For the construction of SCMs, the magnetic anisotropy of the spin unit, the intrachain exchange interaction and the interchain interaction are the three most important factors. However, compared with the former two ingredients for which the stronger the better, the interchain interactions require more careful consideration. Initially, it was believed that negligible interchain coupling is necessary to prevent the three-dimensional magnetic ordering and to achieve the SCM behaviour. Later, it was found that the SCM behaviour can be retained in the antiferromagnetic (AF)^4a or ferromagnetic (F)^4b,c ordered phases. By taking advantage of the magnetic ordering, new types of high temperature SCM-based magnets can be achieved.⁵ Following the experimental and theoretical work of Coulon and Clérac et al.,^4a,5 a number of SCM-based antiferromagnets have been reported.^6–8 These SCM-based antiferromagnets suggest a possible strategy for high temperature SCM-based magnets.

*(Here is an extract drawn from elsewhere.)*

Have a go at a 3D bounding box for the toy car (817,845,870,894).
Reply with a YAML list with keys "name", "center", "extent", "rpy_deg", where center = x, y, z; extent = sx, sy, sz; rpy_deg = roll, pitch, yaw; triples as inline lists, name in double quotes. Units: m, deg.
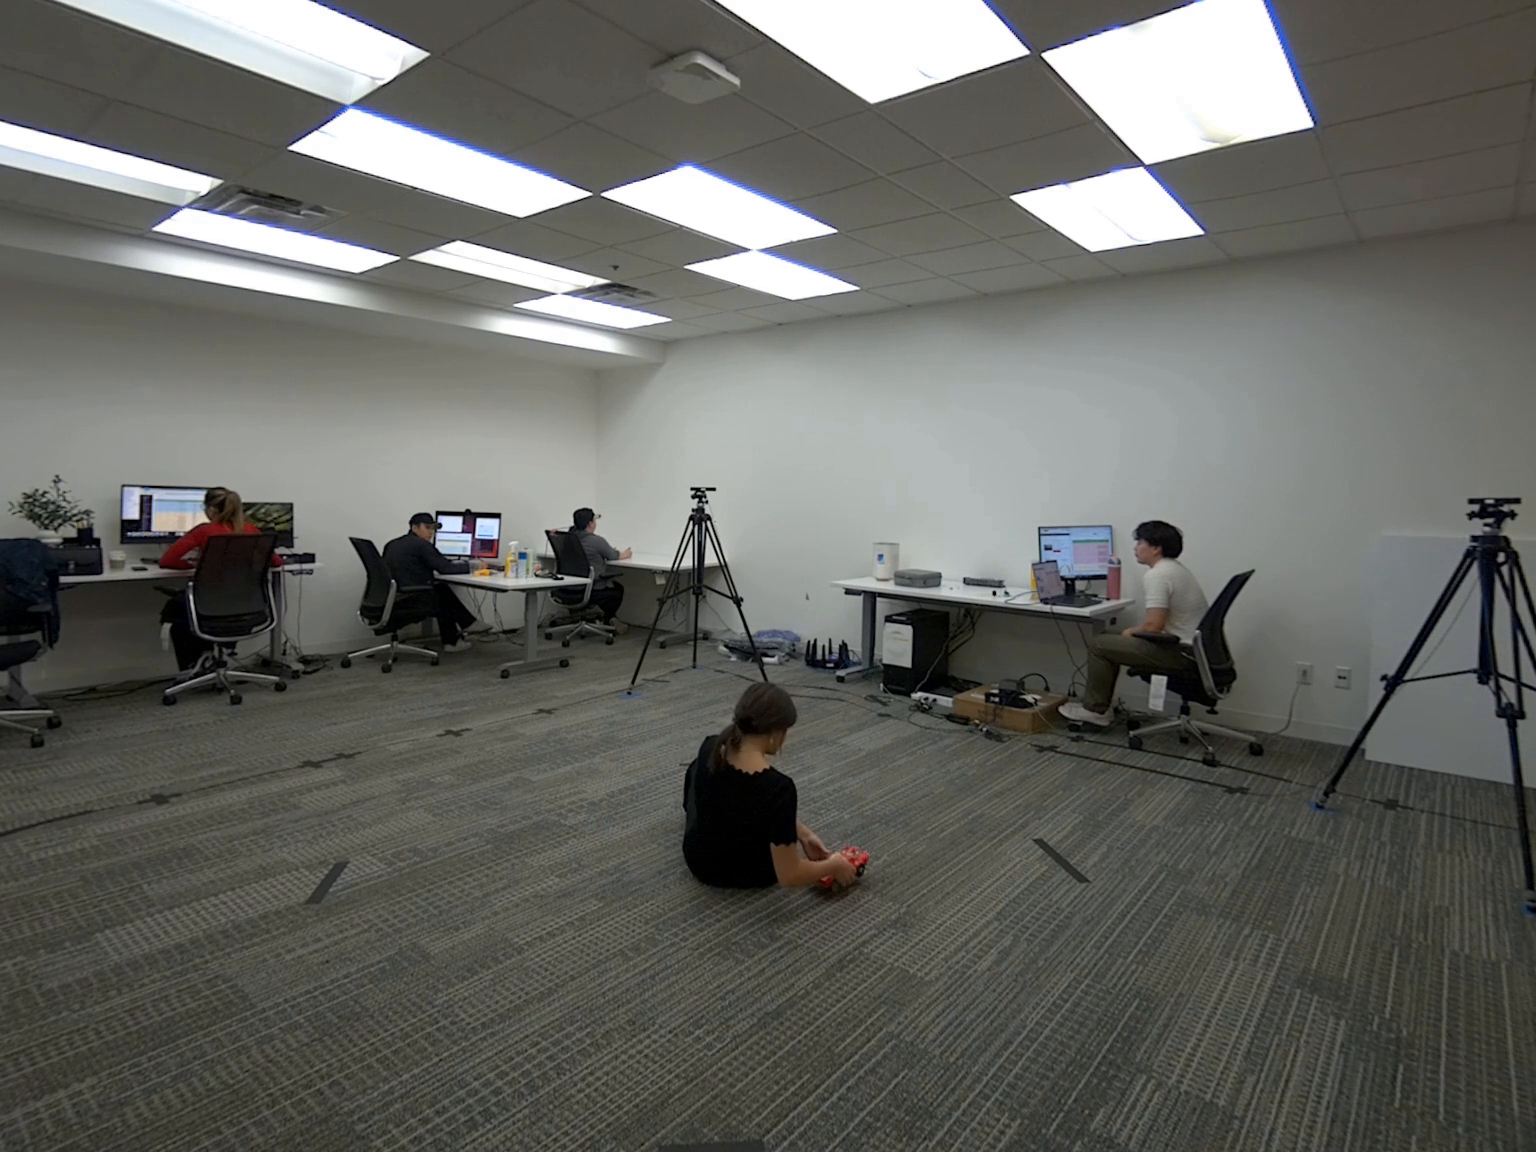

Synthetically, the magnetic anisotropy and intrachain magnetic coupling can be manipulated by using anisotropic spin carriers^4–10 and bridging ligands as efficient magnetic couplers such as the cyanide,^6,7a,c,h radicals^2a,4b,10 or other short bridges.^7b–h,8 On the other hand, the design and control of the interchain interaction seems rather difficult. Several parameters can be manipulated to finely tune the interchain distances (and thus the interchain magnetic coupling), such as using counter ions or chelating ligands of a different size,^3d,9a,10b,g different bismonodentate bridging ligands of different lengths,^9b–d the interchain hydrogen bonds^9e and the interchain π–π interactions.^6,7b For now, it still remains a synthetic challenge for chemists to tune the interchain distances and also the magnetic properties at will for a specific chain compound. As an illustrative example, Clérac et al. reported the compound [Mn(3,5-Cl₂saltmen)Ni(pao)₂(phen)][PF₆] in 2010,⁵ where the anion can be replaced from PF₆⁻ to the bulky BPh₄⁻, leading to the modification of the magnetic properties from the SCM-based antiferromagnet to the pure SCM.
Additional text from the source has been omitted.